Il tâta la poche dans laquelle il avait sa bourse, réalisant subitement qu’elle semblait vide. Il avait dû perdre ses précieuses pièces en tombant tout à l’heure. Il jura mentalement avant de lever des yeux désolés vers celle qui le libéra bientôt de tout devoir pécuniaire.
Après avoir exprimé sa gratitude, le saltimbanque se débarrassa de la cape de fourrure qu’il avait achetée pour l’hiver, révélant son manteau bigarré aux yeux des trois femmes. Un large sourire éclairait son visage rougit par le froid et il poussa l’audace jusqu’à incliner la tête pour saluer celle qui se tenait dans l’ombre.

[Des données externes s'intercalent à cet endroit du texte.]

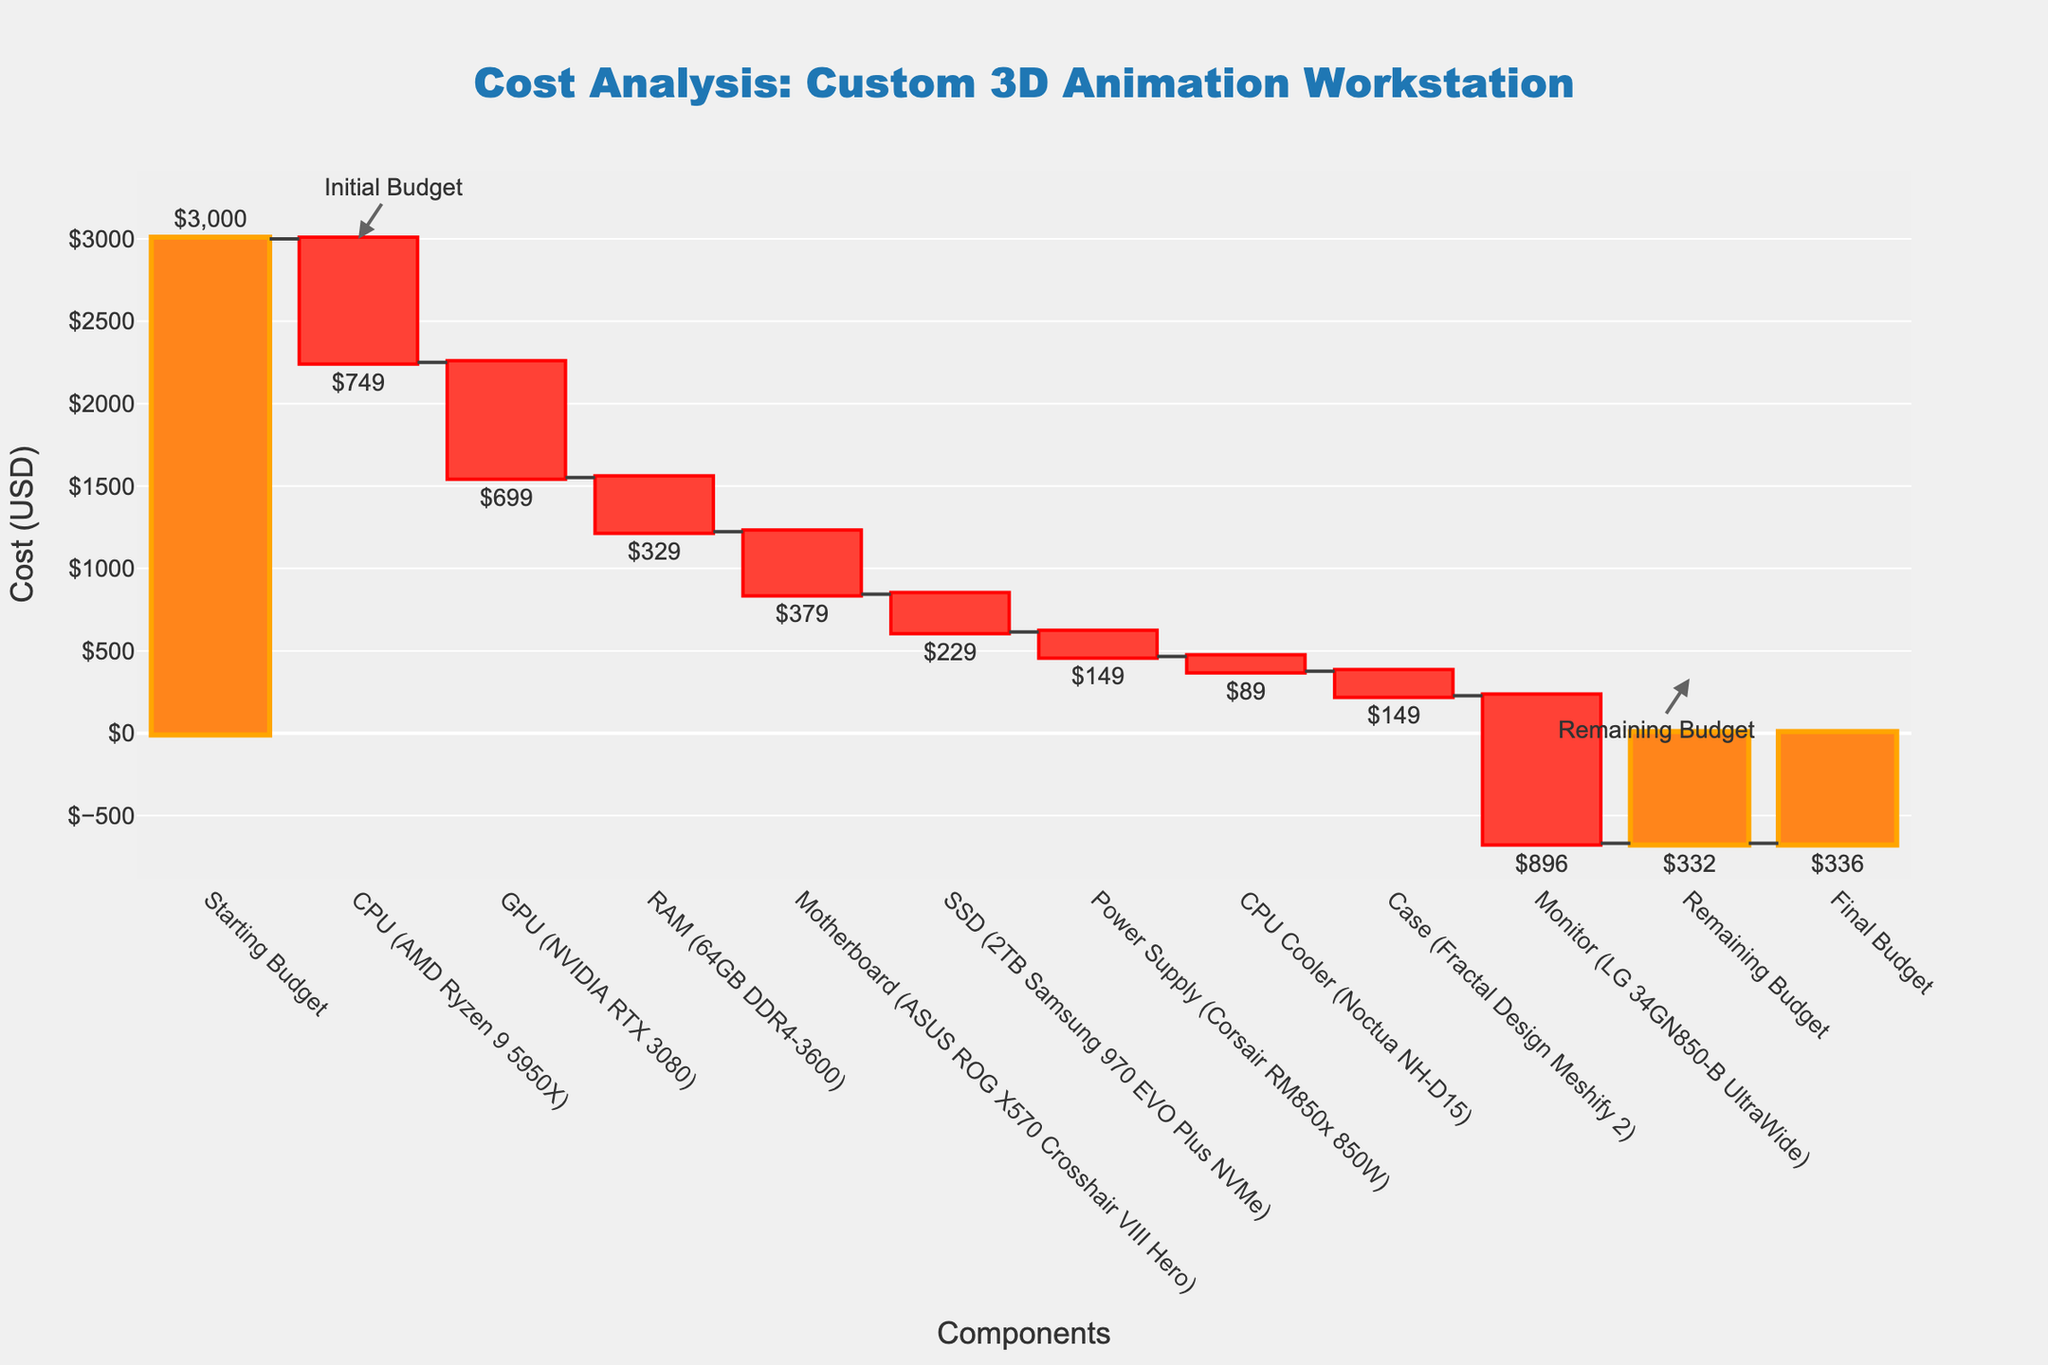How much was the initial budget? The initial budget is the amount listed under "Starting Budget" at the beginning of the waterfall chart.
Answer: $3,000 What component costs the most? To find the component that costs the most, look at the largest negative value in the chart, which is the one with the greatest downward bar.
Answer: Monitor (LG 34GN850-B UltraWide) How much is the remaining budget after purchasing all components? The remaining budget is shown at the end of the chart and it represents the final total after accounting for all costs.
Answer: $332 Which component has the second highest cost? To determine this, find the second largest negative value in the chart.
Answer: CPU (AMD Ryzen 9 5950X) How many components were purchased below $500? Count the components with costs less than $500 by examining the height of their respective bars.
Answer: 6 components (CPU Cooler, Case, Power Supply, SSD, RAM, Motherboard) Which component contributed the least to the overall cost? Identify the component with the smallest absolute value in costs by examining the height of the bars.
Answer: CPU Cooler (Noctua NH-D15) How much total money was spent on storage devices (SSD)? Identify the total spent on storage devices by looking at the cost of the SSD.
Answer: $229 By how much did the cost of the Power Supply affect the remaining budget? The cost of the Power Supply is a negative value, so it reduces the remaining budget by this amount.
Answer: $149

La masure semblait tout à fait banale. Si l’obscurité avait conquis quelques extrémités de la pièce, le feu qui brûlait dans la cheminée éclairait tables, tabourets et autre mobilier d’une simplicité innocente. Là-bas on devinait un rideau, qui dissimulait sûrement une chambre ou une quelconque pièce intime. Bref, rien ne sortait vraiment de l’ordinaire, mis à part l’isolement de la maison lequel pouvait sembler curieux pour des femmes aussi âgées. Dandelo – qui n’aurait pas voulu que sa venue jette un froid – engagea donc la conversation dans ce sens en demandant :

« Vous avez une bien belle maison ! C’est une aubaine que j’ai pu vous trouver dans ce lieu perdu. »


La question qui n’était au départ qu’une simple politesse, méritait cependant que l’on s’intéresse à la réponse.
* Et pourquoi, tu crois qu’elles dissèquent des gens à l’écart de tous ? * Se dit-il à lui-même, souriant de plus belle. Il faut dire que l’image des deux petites grands-mères vaquant à des occupations malsaines était assez ridicule pour faire rire.
*Attention qu’on ne t’empoisonne pas.* Conclut-il en riant intérieurement.

« Pour ma part, reprit-il, je ne suis qu’un humble saltimbanque, conteur occasionnel, en route pour la cité d’Ydril ! »

Son regard pétillant balaya une nouvelle fois la pièce avant de s’arrêter sur la plus jeune à laquelle il fit un clin d’œil, son sourire toujours au coin des lèvres.